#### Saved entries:
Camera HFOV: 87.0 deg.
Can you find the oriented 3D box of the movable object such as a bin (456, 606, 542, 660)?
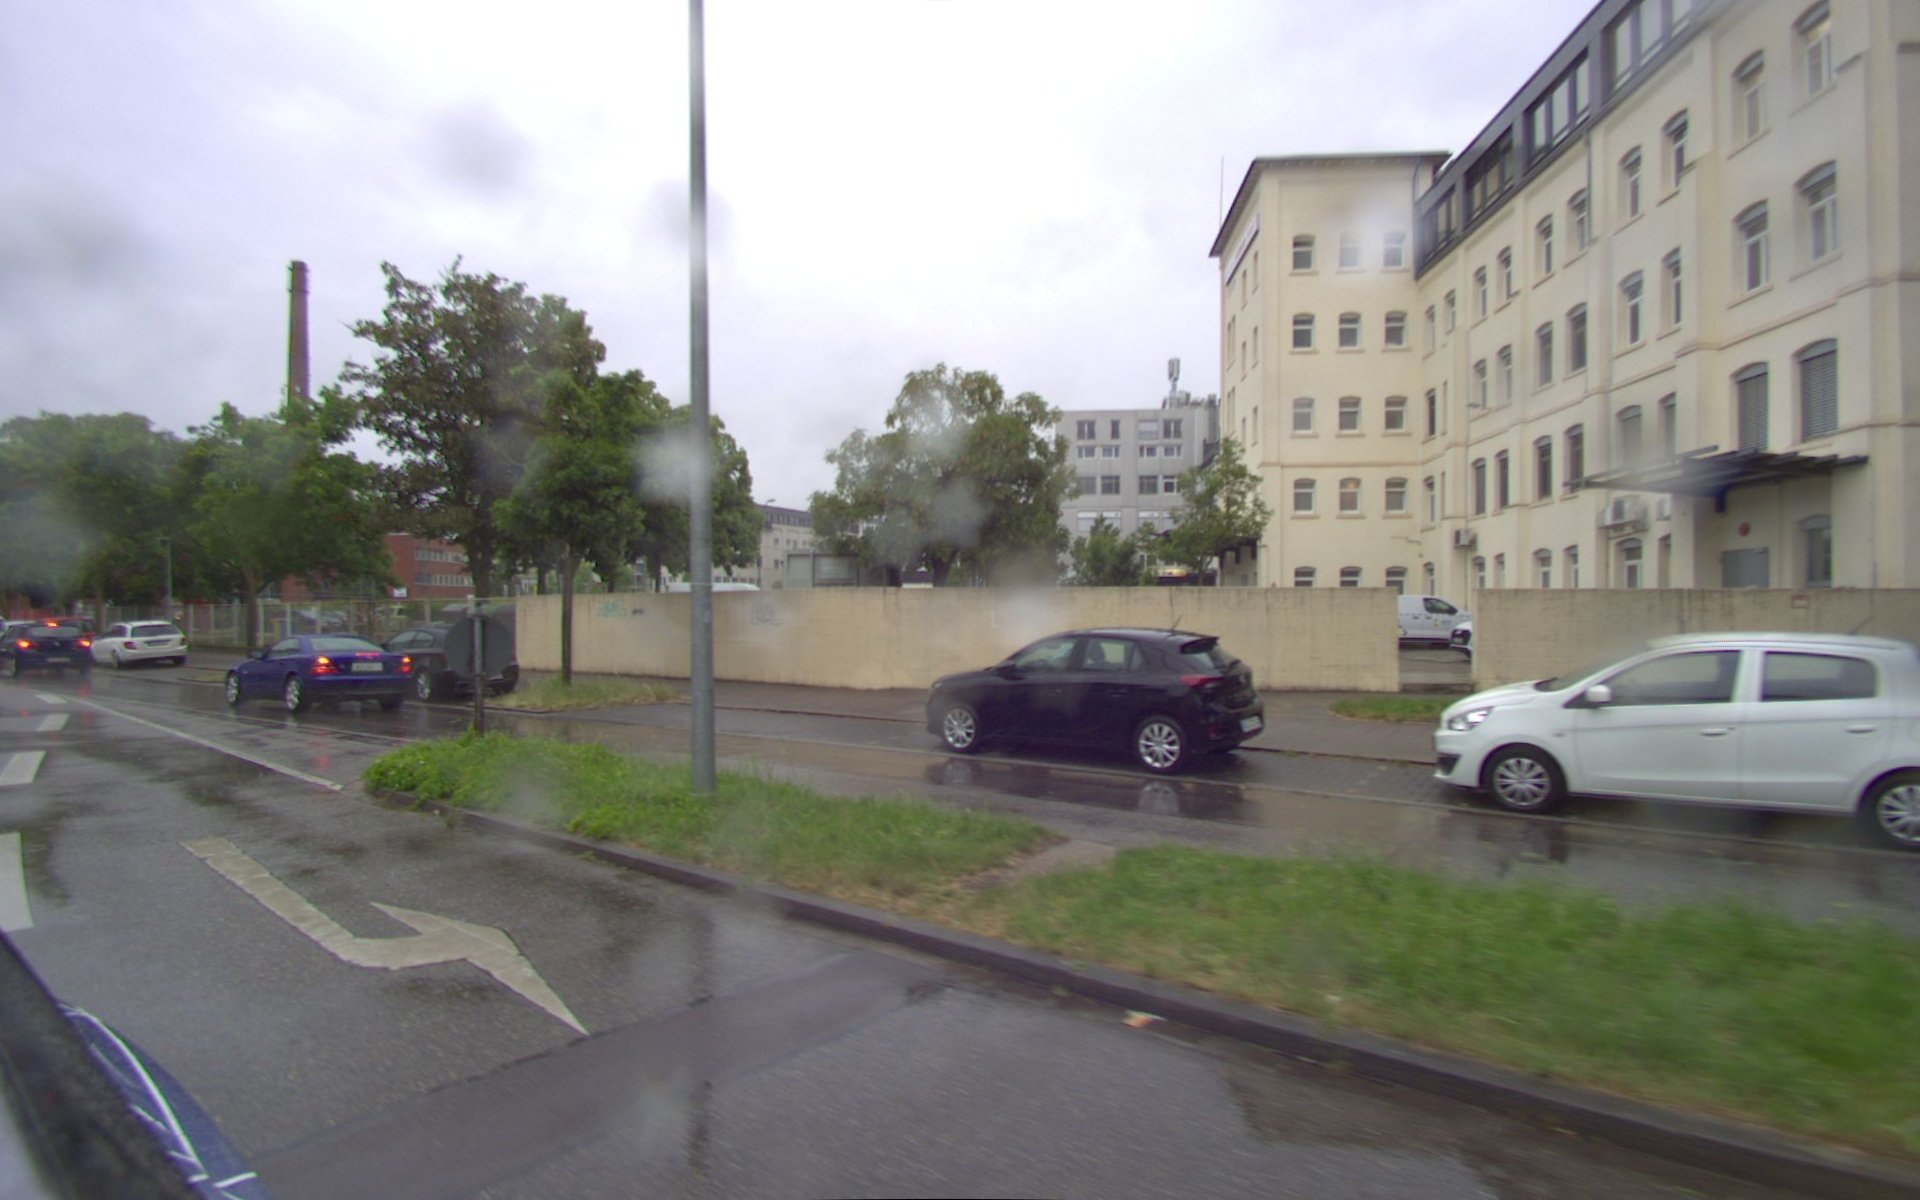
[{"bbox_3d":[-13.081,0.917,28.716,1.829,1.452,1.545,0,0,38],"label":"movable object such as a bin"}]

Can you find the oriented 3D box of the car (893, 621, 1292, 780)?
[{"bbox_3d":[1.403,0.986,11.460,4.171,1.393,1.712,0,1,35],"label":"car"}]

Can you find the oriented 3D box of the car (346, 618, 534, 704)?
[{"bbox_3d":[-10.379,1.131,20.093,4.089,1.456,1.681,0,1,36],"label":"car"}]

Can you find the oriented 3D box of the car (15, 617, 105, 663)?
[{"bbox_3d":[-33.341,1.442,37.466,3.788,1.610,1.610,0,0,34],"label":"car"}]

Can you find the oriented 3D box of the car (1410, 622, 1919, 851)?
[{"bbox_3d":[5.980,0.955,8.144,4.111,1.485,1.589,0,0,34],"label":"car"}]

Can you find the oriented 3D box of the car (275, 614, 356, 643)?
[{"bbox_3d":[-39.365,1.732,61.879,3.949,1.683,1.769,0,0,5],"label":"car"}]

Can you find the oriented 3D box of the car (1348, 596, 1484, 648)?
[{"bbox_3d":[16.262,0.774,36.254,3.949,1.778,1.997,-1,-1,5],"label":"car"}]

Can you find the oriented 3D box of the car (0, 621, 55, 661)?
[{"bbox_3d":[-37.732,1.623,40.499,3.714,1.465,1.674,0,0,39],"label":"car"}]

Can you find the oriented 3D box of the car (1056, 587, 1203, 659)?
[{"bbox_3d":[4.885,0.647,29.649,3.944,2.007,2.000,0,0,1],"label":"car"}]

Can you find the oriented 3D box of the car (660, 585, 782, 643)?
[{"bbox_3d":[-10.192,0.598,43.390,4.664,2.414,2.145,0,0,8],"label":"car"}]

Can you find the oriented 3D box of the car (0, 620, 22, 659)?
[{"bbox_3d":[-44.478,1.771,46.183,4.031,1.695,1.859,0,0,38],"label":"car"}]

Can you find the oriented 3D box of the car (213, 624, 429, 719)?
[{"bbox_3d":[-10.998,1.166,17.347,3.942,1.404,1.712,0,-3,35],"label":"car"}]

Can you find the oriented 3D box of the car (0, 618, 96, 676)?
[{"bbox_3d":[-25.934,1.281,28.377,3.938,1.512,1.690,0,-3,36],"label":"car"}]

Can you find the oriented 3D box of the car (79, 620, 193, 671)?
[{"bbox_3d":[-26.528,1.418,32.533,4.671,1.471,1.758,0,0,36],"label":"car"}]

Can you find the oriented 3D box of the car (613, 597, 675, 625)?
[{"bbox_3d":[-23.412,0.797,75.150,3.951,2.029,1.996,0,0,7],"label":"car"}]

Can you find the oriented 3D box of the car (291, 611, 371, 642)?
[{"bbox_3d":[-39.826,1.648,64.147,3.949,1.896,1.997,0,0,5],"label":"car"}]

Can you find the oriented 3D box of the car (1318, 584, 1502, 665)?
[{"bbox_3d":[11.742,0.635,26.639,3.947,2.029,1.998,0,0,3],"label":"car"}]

#### YOUR ASSIGNMENT:
Exact copies of the lines from the one holding "611, 371, 642)?" through the last line above, and only those, make up the answer.

#### ANSWER BOX:
Can you find the oriented 3D box of the car (291, 611, 371, 642)?
[{"bbox_3d":[-39.826,1.648,64.147,3.949,1.896,1.997,0,0,5],"label":"car"}]

Can you find the oriented 3D box of the car (1318, 584, 1502, 665)?
[{"bbox_3d":[11.742,0.635,26.639,3.947,2.029,1.998,0,0,3],"label":"car"}]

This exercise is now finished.